_What this task involves_. Every line containing "image" should be copied out. Go through the entries and find them.

Extracted records
=== Begin Enclosure ===

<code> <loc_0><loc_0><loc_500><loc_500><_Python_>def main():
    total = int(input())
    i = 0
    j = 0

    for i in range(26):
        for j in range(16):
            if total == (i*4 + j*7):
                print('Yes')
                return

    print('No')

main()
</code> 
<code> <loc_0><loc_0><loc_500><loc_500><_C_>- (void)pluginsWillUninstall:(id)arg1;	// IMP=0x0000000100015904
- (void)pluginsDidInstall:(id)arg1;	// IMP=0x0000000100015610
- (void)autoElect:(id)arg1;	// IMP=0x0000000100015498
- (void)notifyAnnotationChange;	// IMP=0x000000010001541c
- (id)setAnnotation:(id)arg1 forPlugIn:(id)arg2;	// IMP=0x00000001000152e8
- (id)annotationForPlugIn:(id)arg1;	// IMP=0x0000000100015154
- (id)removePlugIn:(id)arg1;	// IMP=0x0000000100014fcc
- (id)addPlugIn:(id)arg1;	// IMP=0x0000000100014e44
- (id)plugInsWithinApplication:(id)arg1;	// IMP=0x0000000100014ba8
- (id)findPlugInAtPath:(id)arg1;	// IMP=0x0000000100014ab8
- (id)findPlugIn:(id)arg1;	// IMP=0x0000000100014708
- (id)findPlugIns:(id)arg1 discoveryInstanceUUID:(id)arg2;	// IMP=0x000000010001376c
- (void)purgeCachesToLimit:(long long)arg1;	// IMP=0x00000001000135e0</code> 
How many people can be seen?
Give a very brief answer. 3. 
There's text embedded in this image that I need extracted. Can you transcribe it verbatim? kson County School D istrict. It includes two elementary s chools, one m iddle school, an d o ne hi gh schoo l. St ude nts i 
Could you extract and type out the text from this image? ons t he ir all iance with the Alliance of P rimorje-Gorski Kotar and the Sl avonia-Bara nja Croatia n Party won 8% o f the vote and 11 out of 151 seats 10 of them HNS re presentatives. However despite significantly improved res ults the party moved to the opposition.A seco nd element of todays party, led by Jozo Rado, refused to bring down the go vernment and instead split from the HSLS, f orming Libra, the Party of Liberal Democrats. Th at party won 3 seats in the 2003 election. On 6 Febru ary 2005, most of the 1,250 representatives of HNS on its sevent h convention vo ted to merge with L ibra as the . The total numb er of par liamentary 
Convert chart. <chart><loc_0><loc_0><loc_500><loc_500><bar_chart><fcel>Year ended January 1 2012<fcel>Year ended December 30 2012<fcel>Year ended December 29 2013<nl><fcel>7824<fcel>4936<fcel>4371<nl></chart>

=== End Enclosure ===

_Written reply_.
There's text embedded in this image that I need extracted. Can you transcribe it verbatim? kson County School D istrict. It includes two elementary s chools, one m iddle school, an d o ne hi gh schoo l. St ude nts i 
Could you extract and type out the text from this image? ons t he ir all iance with the Alliance of P rimorje-Gorski Kotar and the Sl avonia-Bara nja Croatia n Party won 8% o f the vote and 11 out of 151 seats 10 of them HNS re presentatives. However despite significantly improved res ults the party moved to the opposition.A seco nd element of todays party, led by Jozo Rado, refused to bring down the go vernment and instead split from the HSLS, f orming Libra, the Party of Liberal Democrats. Th at party won 3 seats in the 2003 election. On 6 Febru ary 2005, most of the 1,250 representatives of HNS on its sevent h convention vo ted to merge with L ibra as the . The total numb er of par liamentary 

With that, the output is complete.